Clark does a very good job of promoting Russell as a sort of visionary thinker, and to someone with only a rudimentary knowledge of scientific methodology much of his theorizing could be attractive in a broader ontological context. But let Russell himself speak. Here is his theory of matter:
‘That which man calls matter, or substance, has no existence whatsoever. So-called matter is but waves of the motion of light, electrically divided into opposed pairs, then electrically conditioned and patterned into what we call various substances of matter , Briefly put, matter is but the motion of light , and motion is not substance. It only appears to be. Take motion away and there would not even be the appearance of substance.
‘Electricity manufactures all of the qualities and attributes of light in wave motion which we think of as substance. Density, alkalinity, acidity, conductivity, pressures of heat and cold, and even appearance is give to waves of light by the two electrical workers which build up the universe and tear it apart in polarized fields measured out by the two magnetic surveyors which keep all electric actions in balance with their reactions.’
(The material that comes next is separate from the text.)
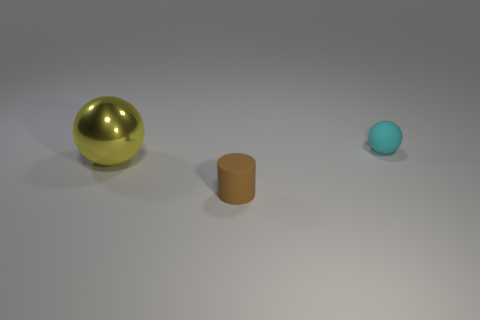Add 3 tiny green cubes. How many objects exist? 6 Subtract all yellow spheres. How many spheres are left? 1 Subtract all cylinders. How many objects are left? 2 Subtract 1 cyan spheres. How many objects are left? 2 Subtract 1 balls. How many balls are left? 1 Subtract all green spheres. Subtract all blue blocks. How many spheres are left? 2 Subtract all brown cylinders. How many cyan spheres are left? 1 Subtract all brown matte things. Subtract all large yellow shiny objects. How many objects are left? 1 Add 3 tiny matte objects. How many tiny matte objects are left? 5 Add 3 tiny red matte things. How many tiny red matte things exist? 3 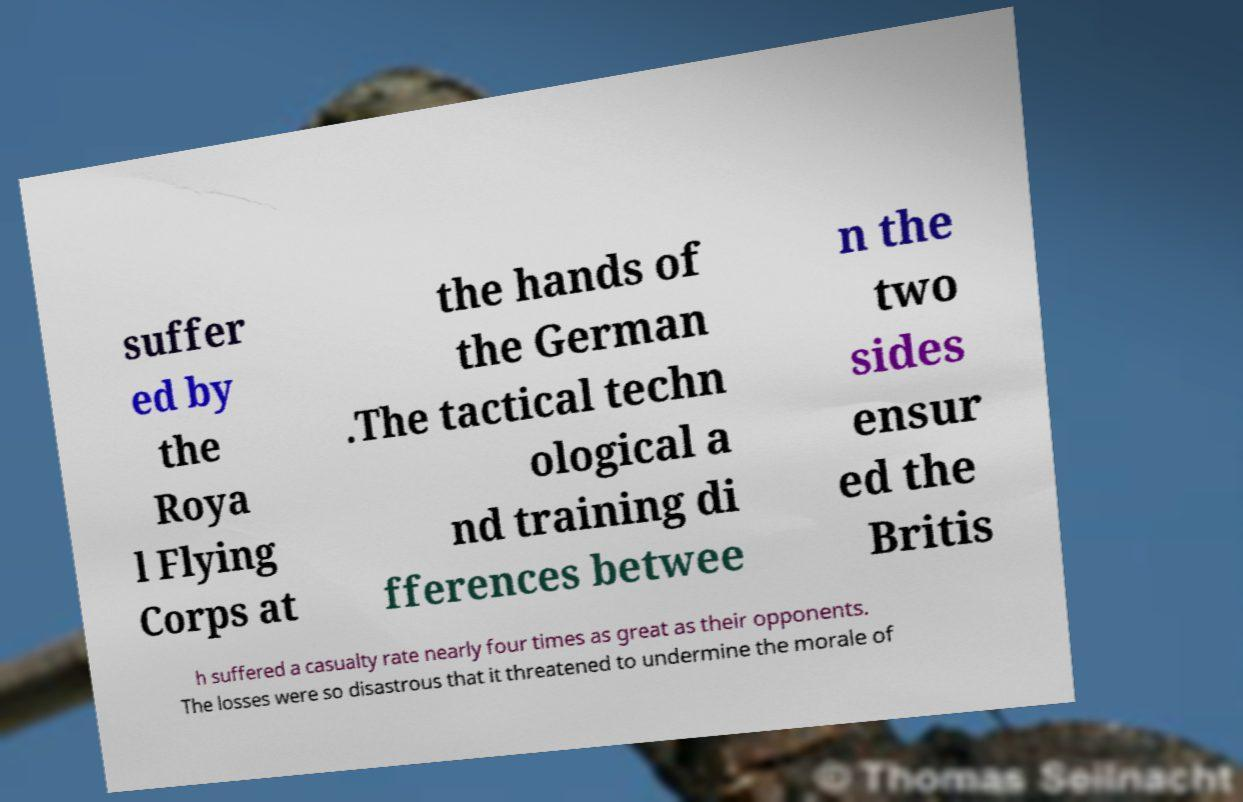Can you read and provide the text displayed in the image?This photo seems to have some interesting text. Can you extract and type it out for me? suffer ed by the Roya l Flying Corps at the hands of the German .The tactical techn ological a nd training di fferences betwee n the two sides ensur ed the Britis h suffered a casualty rate nearly four times as great as their opponents. The losses were so disastrous that it threatened to undermine the morale of

‘And you pick up one of these products of wave motion and say, ‘ This is a piece of steel,’ or ‘ This is an apple’ without the slightest realisation that sudden withdrawal of the electric power which brought that state of motion into being would blow you and it, and a mile or more around you, into the nothingness of the equilibrium from which you were electrically assembled.’
Whether this is Russell’s interpretation of quantum mechanics or something else entirely we at Jot 101 are not qualified to assess. Perhaps those in the Jottosphere can offer enlightenment.